Data records:
-*-*-

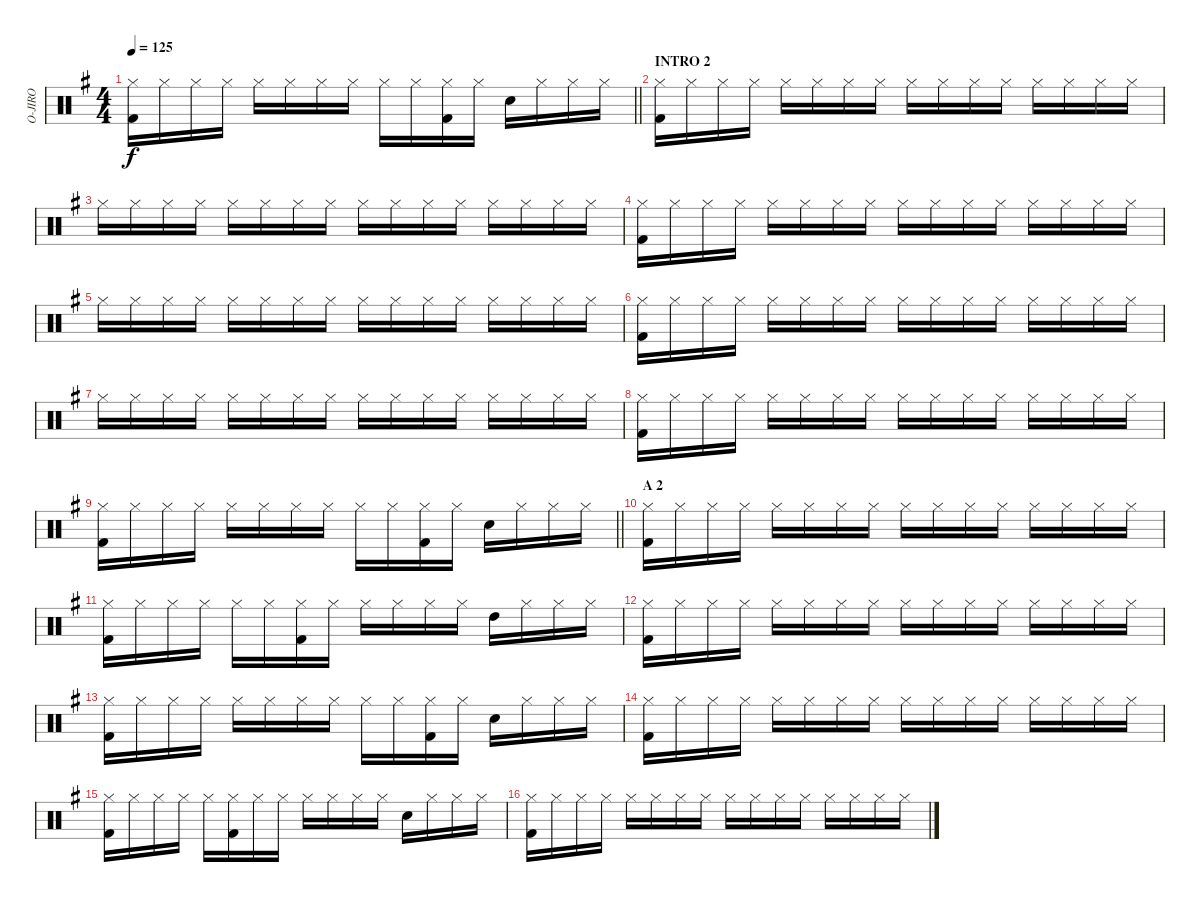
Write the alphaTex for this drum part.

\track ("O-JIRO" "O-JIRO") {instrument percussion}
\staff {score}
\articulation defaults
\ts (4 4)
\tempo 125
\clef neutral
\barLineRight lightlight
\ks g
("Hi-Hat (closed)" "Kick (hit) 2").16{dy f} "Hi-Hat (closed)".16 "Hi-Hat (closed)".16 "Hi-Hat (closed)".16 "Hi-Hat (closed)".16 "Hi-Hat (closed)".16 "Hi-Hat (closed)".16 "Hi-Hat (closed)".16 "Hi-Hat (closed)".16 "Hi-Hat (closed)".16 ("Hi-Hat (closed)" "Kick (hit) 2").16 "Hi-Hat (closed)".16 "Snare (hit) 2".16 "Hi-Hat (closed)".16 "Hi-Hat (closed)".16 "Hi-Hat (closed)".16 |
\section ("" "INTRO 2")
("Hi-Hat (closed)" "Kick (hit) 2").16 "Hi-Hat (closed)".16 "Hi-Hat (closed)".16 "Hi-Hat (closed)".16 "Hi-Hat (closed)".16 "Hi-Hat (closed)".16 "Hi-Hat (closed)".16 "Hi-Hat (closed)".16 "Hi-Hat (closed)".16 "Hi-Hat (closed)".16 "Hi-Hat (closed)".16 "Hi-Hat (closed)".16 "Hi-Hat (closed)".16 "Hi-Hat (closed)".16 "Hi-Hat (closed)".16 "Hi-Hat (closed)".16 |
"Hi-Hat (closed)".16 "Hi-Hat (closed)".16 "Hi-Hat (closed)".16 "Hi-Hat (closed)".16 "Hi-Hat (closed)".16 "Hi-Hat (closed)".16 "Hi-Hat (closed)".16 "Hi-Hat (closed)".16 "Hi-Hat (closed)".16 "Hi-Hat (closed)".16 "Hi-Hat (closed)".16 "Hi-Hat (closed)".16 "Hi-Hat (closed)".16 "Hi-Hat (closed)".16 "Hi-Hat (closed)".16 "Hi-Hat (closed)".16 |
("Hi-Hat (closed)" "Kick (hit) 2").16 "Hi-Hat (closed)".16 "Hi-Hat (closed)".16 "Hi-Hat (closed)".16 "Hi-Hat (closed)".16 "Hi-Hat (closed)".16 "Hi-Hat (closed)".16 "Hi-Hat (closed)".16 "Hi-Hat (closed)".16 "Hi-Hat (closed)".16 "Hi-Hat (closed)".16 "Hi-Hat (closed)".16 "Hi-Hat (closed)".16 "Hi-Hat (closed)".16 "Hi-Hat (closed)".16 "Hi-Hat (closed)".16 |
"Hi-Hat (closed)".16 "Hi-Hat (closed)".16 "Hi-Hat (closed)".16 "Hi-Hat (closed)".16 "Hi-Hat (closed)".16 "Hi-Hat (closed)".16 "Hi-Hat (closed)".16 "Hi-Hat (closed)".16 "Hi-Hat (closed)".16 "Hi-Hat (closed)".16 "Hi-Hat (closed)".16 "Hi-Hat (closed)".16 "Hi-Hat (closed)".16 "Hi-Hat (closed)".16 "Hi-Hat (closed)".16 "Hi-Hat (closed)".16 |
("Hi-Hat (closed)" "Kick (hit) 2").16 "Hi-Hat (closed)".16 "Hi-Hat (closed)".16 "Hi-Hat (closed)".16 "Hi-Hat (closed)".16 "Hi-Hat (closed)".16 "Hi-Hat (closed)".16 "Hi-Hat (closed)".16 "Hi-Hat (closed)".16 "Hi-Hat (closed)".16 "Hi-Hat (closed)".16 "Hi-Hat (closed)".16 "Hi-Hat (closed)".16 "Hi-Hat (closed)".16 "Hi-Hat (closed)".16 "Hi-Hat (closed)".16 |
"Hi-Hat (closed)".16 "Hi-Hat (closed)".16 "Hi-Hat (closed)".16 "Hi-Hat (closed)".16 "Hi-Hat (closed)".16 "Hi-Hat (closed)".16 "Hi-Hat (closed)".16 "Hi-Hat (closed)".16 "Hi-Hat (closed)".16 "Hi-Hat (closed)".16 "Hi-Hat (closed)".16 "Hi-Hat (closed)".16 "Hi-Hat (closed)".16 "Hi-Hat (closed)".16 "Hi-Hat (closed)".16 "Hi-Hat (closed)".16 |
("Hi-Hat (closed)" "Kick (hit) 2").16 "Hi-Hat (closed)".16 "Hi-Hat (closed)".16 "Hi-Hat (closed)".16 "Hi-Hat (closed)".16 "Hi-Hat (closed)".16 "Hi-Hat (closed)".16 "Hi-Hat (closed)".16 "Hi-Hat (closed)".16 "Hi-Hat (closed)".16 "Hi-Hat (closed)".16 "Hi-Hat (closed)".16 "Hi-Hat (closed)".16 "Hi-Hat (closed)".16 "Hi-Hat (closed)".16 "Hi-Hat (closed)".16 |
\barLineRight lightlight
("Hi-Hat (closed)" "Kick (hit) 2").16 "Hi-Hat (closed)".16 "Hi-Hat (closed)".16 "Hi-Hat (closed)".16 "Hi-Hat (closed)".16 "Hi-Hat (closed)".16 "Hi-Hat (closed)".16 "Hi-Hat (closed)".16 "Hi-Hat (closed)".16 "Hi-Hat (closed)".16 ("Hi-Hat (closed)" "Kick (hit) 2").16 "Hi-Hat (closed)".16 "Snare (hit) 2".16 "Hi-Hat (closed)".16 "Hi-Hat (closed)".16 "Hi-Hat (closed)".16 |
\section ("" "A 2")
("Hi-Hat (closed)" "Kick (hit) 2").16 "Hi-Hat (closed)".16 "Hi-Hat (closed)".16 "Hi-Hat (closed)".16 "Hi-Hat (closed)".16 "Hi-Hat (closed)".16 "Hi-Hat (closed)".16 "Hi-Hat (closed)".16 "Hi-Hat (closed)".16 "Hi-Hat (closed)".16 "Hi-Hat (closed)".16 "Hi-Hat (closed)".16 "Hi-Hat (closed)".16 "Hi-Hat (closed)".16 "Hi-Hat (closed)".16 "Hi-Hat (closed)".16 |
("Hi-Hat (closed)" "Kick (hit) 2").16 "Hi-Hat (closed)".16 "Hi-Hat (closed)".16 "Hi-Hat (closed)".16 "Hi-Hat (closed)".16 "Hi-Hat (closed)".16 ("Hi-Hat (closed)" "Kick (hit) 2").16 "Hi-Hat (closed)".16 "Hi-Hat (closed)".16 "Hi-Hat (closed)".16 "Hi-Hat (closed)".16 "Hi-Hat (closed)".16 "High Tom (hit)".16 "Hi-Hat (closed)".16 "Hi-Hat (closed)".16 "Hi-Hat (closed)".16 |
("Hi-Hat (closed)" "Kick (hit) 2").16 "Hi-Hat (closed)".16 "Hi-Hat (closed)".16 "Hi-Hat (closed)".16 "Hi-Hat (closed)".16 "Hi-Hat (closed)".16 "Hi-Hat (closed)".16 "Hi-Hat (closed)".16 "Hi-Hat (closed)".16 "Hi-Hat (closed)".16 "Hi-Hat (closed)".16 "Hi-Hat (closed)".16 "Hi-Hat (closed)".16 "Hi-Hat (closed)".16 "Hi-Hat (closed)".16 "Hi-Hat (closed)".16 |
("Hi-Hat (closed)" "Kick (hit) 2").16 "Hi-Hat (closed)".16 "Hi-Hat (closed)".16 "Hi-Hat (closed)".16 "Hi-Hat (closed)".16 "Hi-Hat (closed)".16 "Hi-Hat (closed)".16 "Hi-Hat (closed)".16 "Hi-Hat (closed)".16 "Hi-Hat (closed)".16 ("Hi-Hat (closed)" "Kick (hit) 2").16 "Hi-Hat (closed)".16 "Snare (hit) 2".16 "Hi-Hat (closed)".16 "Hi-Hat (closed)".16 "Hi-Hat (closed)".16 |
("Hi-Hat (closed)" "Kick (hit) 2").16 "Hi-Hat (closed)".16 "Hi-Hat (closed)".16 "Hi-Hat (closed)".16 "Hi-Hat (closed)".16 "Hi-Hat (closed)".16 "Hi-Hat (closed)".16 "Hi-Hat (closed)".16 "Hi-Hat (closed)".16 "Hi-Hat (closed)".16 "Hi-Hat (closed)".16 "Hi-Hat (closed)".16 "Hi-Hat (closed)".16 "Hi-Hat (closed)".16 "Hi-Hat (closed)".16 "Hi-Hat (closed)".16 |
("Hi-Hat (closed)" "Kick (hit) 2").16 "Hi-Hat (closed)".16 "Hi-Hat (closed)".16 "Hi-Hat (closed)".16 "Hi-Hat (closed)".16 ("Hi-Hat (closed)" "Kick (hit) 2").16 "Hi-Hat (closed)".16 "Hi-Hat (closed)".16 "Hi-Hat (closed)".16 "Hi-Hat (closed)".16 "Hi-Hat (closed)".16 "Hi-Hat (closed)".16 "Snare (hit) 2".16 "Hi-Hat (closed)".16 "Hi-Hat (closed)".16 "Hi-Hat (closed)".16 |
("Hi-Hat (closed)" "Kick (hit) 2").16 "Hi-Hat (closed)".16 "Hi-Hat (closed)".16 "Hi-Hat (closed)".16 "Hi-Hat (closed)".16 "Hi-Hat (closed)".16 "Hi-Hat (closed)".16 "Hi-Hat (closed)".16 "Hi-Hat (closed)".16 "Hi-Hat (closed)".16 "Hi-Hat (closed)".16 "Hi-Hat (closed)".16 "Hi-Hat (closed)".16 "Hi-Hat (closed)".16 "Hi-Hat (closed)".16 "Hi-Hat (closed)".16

-*-*-

» TASK INSTRUCTIONS
Determine the count of lines in the data above with the string "Snare" in them, and give that count alone.

» SOLUTION
4